(Records from a collection)
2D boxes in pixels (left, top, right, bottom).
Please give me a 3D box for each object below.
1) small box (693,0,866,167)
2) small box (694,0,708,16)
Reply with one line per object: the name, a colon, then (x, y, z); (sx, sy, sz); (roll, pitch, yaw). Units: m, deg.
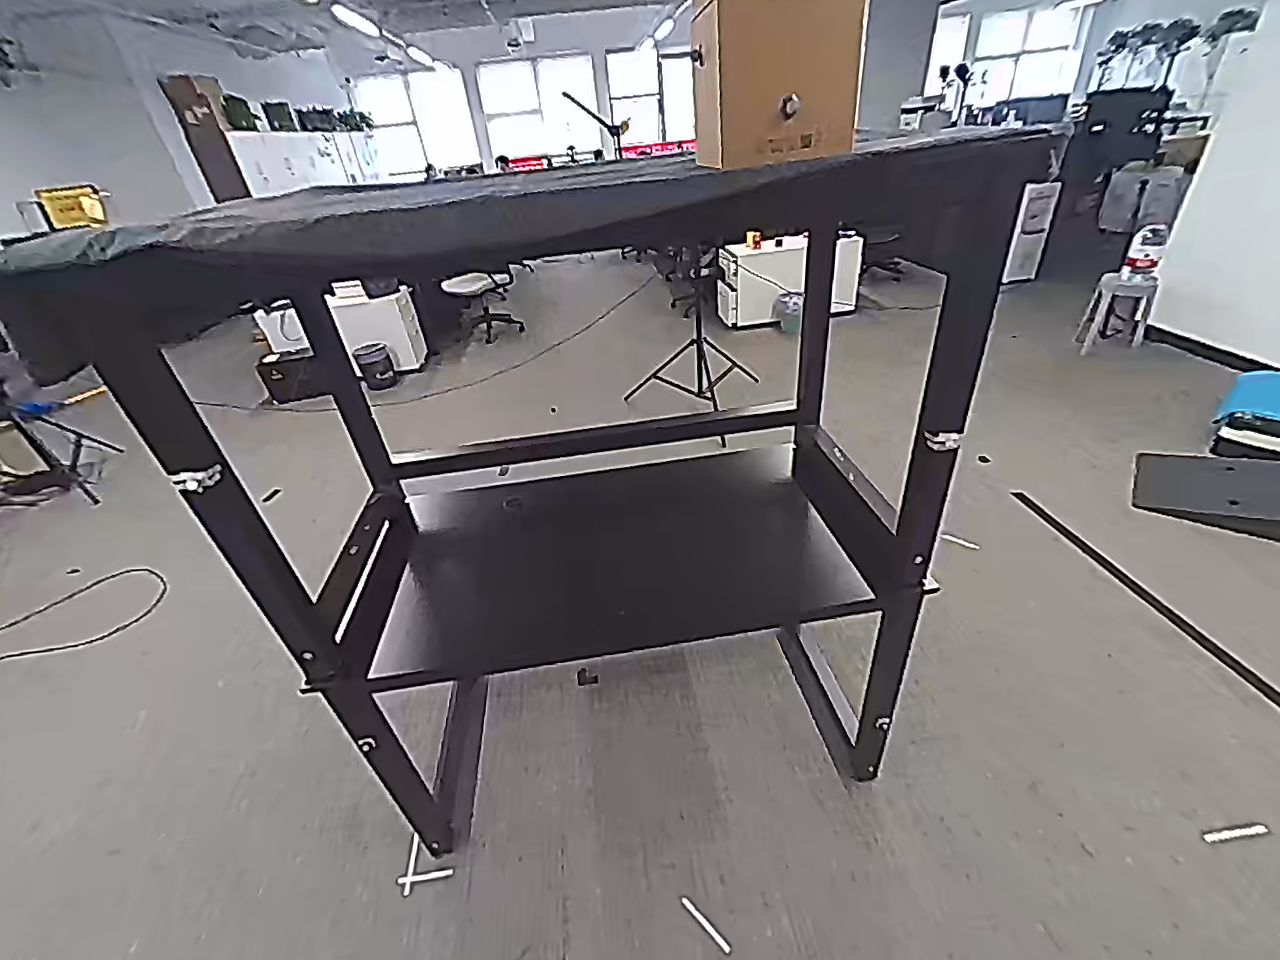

→ **Task instructions**: Exactly the lines from the one that contains "2) small box (694,0,708,16)" through the final line of the records above are needed, given again word for word, with every picture left out.

→ **Solution to the problem**:
2) small box (694,0,708,16)
Reply with one line per object: the name, a colon, then (x, y, z); (sx, sy, sz); (roll, pitch, yaw). Units: m, deg.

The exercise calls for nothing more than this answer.